Differential abundance analysis of proteomics data with pylimma
This tutorial demonstrates the AnnData-native pylimma workflow on a bulk mass-spectrometry proteomics dataset. The matrix is already log-transformed and median-normalised, so the analysis is a classical microarray-style limma pipeline: build a design matrix, fit per-protein linear models, moderate variances with empirical Bayes, and read off the top differentially abundant proteins.
Dataset
Mulvey et al. 2026, Mol Cell Proteomics 25(2):101510. doi:10.1016/j.mcpro.2026.101510. Tissue proteomics from human left-ventricular tissue collected at heart transplantation or LVAD implantation (heart-failure cases) or from organ donors (controls). The original paper compares peripartum cardiomyopathy hearts against non-peripartum cardiomyopathy and controls; for this tutorial we collapse the two cardiomyopathy groups into a single
heart_failure arm and contrast it against controls.

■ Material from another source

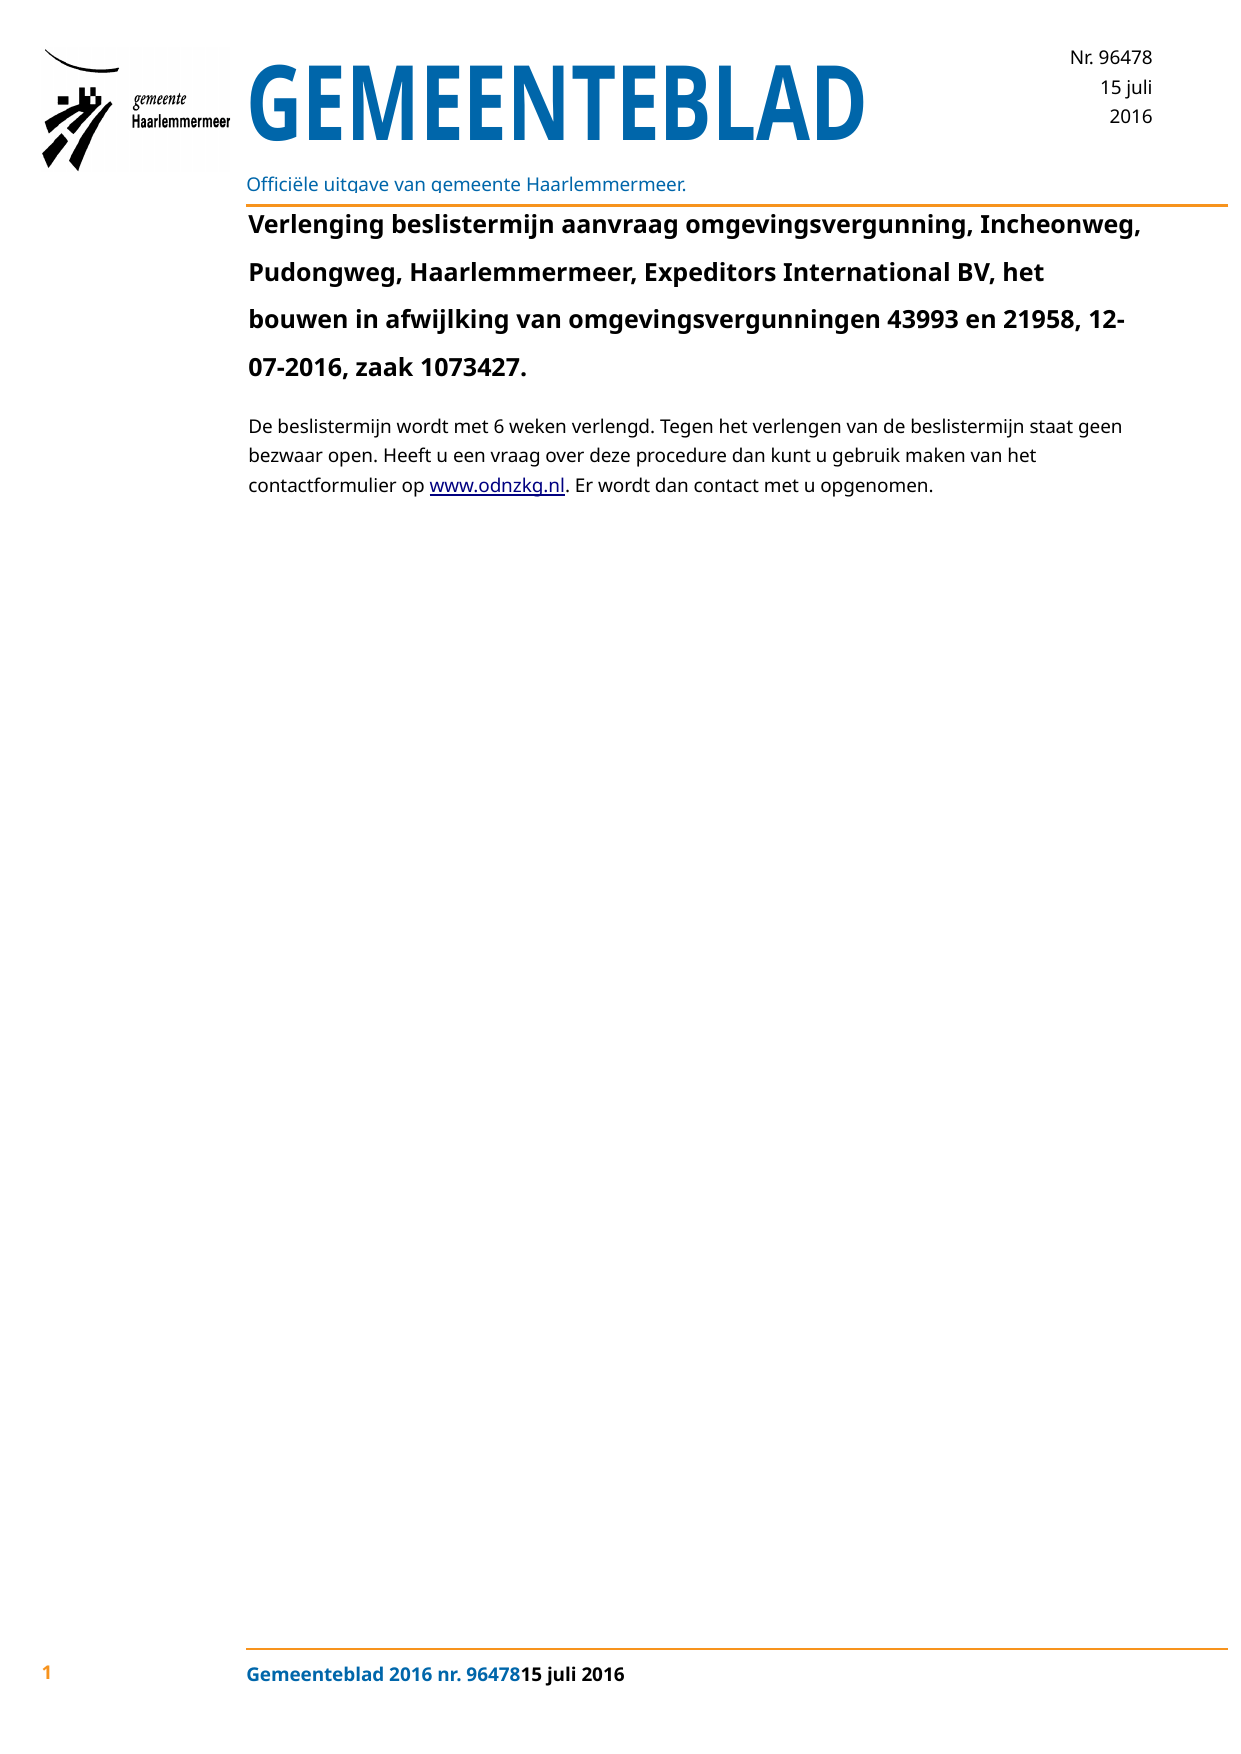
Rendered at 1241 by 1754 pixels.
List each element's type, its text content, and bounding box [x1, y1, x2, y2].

Shape: 7,026 protein groups x 15 samples (6 control donors + 9 heart-failure cases).
Pipeline
Load the protein abundance matrix and sample targets
Build an AnnData object (samples on
obs, proteins onvar)PCA QC
Design matrix:
~ grouplm_fit->e_bayesTop differentially abundant proteins (heart-failure vs control)
Volcano plot
Loading the data
The two CSVs live under pylimma/data/ alongside the other bundled benchmark datasets (ALL, GSE60450, pasilla, Yoruba); see pylimma/data/DATA_PROVENANCE.md for the full provenance and licence summary.
[1]:
import sys
import warnings
from pathlib import Path
import anndata as ad
import matplotlib.pyplot as plt
import numpy as np
import pandas as pd
warnings.filterwarnings('ignore', category=FutureWarning)
# This notebook lives at pylimma/pylimma/examples/mulvey/
# parents[1] = repo root (containing pylimma source + data/), matching
# the convention used by the other example notebooks.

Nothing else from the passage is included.